I got a couple small details wrong in my original post, which I’ve corrected.
I’m eliding the question of “style” and its relationship to “content” in exactly the way Susan Sontag famously criticizes, but for what it’s worth I’m equally skeptical that a GenAI could maintain what we would generally understand as a coherent style, even one that is merely imitative, for the length of a novel. But then many novelists can’t either.



I've just started teaching a new course about kicking back against social media and AI by developing a creative writing practice and am noticing that the texts I want to share are utterly beyond Gen AI's capacity. They mix personal experience with encounters and reflections on an idiosyncratic haul of texts, artworks and events. The connections between these can't be bullet-pointed. Am wondering if LLM culture will trigger a counter-culture of these types of works in the future.
Thank you for elucidating the question that pings my mind every time this subject comes up. Clap, clap.
I want to barnacle onto this, though: "But can it produce a legible narrative text on its own, even something structurally and linguistically simple like, I don’t know, a Raymond Carver pastiche, start to finish?"
I guess it depends on what you mean by legibility. Carver's stories (i.e. "One More Thing") ask the reader to draw a lot of inferences from subtle cues, to read what's happening off the page by decoding info-dense sentences, and kind of 'carry the one' over and over again to reach a cumulative emotional effect. It's a level of thinking that escapes a lot of casual readers -- because it requires thinking! -- and strikes me as impossible for the type of AI writing I've seen, which, as you say, struggles with coherence past the vibe level. What's Carver without its Carver-ness?

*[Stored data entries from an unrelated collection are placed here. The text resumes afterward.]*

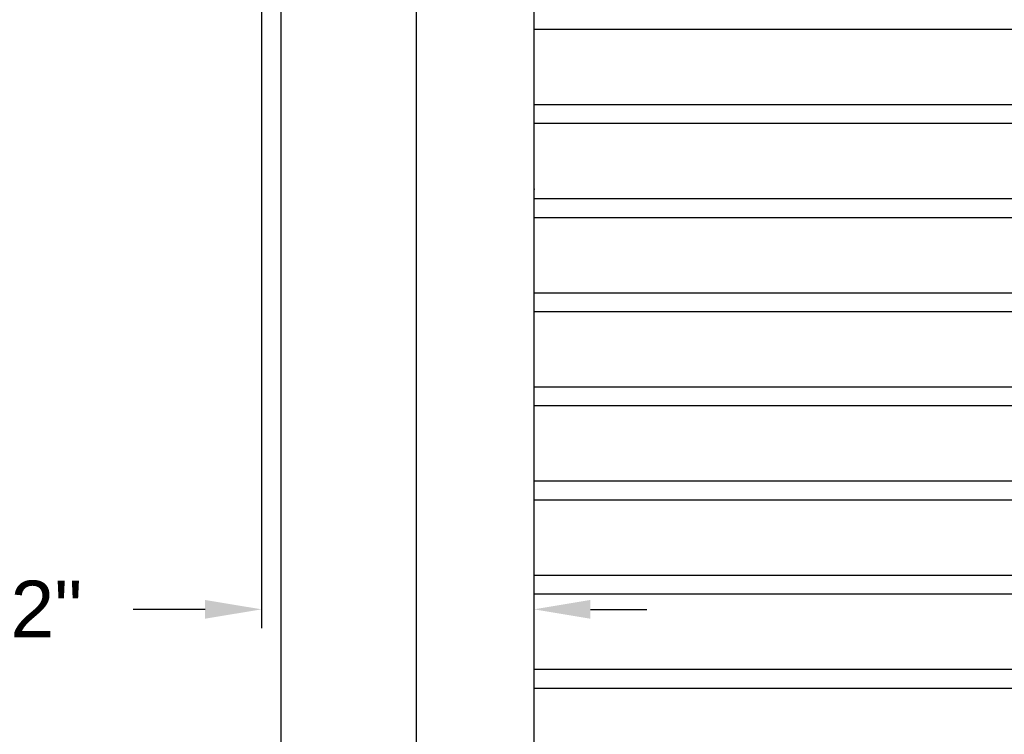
# Model space of a CAD drawing. Header units: inches. Extents: x 169.6 to 213.8, y 195 to 266.5.
# Tile 4 of 50: x 176.2 to 177.8, y 203.1 to 204.3. Entities that reach past the tile are written whole.
import ezdxf

# ---------------------------------------------------------------- set-up
doc = ezdxf.new("R2010")
doc.units = ezdxf.units.IN
doc.header["$LTSCALE"] = 0.25
doc.header["$MEASUREMENT"] = 0
doc.layers.add('ANNOTATIONS', color=1, linetype='Continuous')
doc.layers.add('RHX LH F.O.H.', color=7, linetype='Continuous')
doc.styles.add('ARIAL', font='arial.ttf', dxfattribs={"height": 0.09375})
doc.dimstyles.new('STANDARD$0', dxfattribs={"dimtxt": 0.09375, "dimasz": 0.09375, "dimexe": 0.03125, "dimexo": 0.046875, "dimgap": 0.09, "dimtad": 0, "dimtih": 1, "dimtoh": 1, "dimdec": 4, "dimzin": 0, "dimdsep": 46, "dimtxsty": 'ARIAL', "dimcen": 0.09, "dimadec": 0, "dimazin": 0, "dimtfac": 1, "dimtdec": 4, "dimtofl": 0, "dimtmove": 0, "dimatfit": 1, "dimfxl": 1, "dimtolj": 1, "dimtzin": 0, "dimarcsym": 0})

# ---------------------------------------------------------------- blocks, each defined once
blk = doc.blocks.new('*D20')
at = {"layer": 'ANNOTATIONS', "color": 0, "lineweight": -2, "transparency": 16777216}
for p, q in [((176.5724, 204.837), (176.5724, 203.2433)), ((177.0248, 203.8411), (177.0248, 203.2433)), ((176.4787, 203.2746), (176.3591, 203.2746)), ((177.1186, 203.2746), (177.2123, 203.2746))]:
    blk.add_line(p, q, dxfattribs=at)
at = {"layer": 'ANNOTATIONS', "color": 0, "transparency": 16777216}
for points in [[(176.4787, 203.2902), (176.4787, 203.259), (176.5724, 203.2746)], [(177.1186, 203.2902), (177.1186, 203.259), (177.0248, 203.2746)]]:
    blk.add_solid(points, dxfattribs=at)
at = {"layer": 'defpoints', "color": 0, "transparency": 16777216}
for p in [(176.5724, 204.8838), (177.0248, 203.888), (176.5724, 203.2746)]:
    blk.add_point(p, dxfattribs=at)
at = {"layer": 'ANNOTATIONS', "color": 0, "transparency": 16777216, "insert": (176.106, 203.2746), "char_height": 0.09375, "attachment_point": 5, "style": 'ARIAL'}
blk.add_mtext('\\A1;5 1/2"', dxfattribs=at)

msp = doc.modelspace()

# ---------------------------------------------------------------- linework, layer by layer
at = {"layer": 'RHX LH F.O.H.', "linetype": 'Continuous'}
for p, q in [((176.60477, 200.65979), (176.60477, 205.40979)), ((176.82946, 200.65979), (176.82946, 205.40979)), ((177.02484, 200.65979), (177.02484, 204.35737))]:
    msp.add_line(p, q, dxfattribs=at)
at = {"layer": 'RHX LH F.O.H.', "color": 7}
for p, q in [((177.02484, 204.23776), (182.02484, 204.23776)), ((177.02484, 204.11276), (182.02484, 204.11276)), ((177.02484, 204.08151), (182.02484, 204.08151)), ((177.02484, 203.95651), (182.02484, 203.95651)), ((177.02484, 203.92526), (182.02484, 203.92526)), ((177.02484, 203.80026), (182.02484, 203.80026)), ((177.02484, 203.76901), (182.02484, 203.76901)), ((177.02484, 203.64401), (182.02484, 203.64401)), ((177.02484, 203.61276), (182.02484, 203.61276)), ((177.02484, 203.48776), (182.02484, 203.48776)), ((177.02484, 203.45651), (182.02484, 203.45651)), ((177.02484, 203.33151), (182.02484, 203.33151)), ((177.02484, 203.30026), (182.02484, 203.30026)), ((177.02484, 203.17526), (182.02484, 203.17526)), ((177.02484, 203.14401), (182.02484, 203.14401))]:
    msp.add_line(p, q, dxfattribs=at)
at = {"layer": 'RHX LH F.O.H.', "linetype": 'ByBlock'}
msp.add_point((177.02484, 203.97229), dxfattribs=at)

# ---------------------------------------------------------------- dimensions: what is measured, and where the dimension line sits
at = {"layer": 'ANNOTATIONS'}
dim = msp.add_linear_dim(base=(176.57241, 203.27459), p1=(177.02484, 203.88797), p2=(176.57241, 204.88384), angle=180, text='5 1/2"', dimstyle='STANDARD$0', dxfattribs=at)
dim.commit()
dim.dimension.update_dxf_attribs({"geometry": '*D20', "text_midpoint": (176.10598, 203.27459), "dimtype": 160})

doc.saveas('drawing.dxf')

I'm assuming you mean structurally and linguistically legible. But the idea of Carver-ness pings a thought I've had about style in the age of AI. My intuition says that, after formulaic genre fiction, stories with deep, gushing interiority would be easier to reproduce: the prose is showing its work, showing its thinking, along the way. For coherence, the reader does not have to think as much as accept. None of this disagrees with your point: AI still struggles, like most writers do, with juggling character, theme, story, scene. Carver, to me, just adds one more baton to juggle.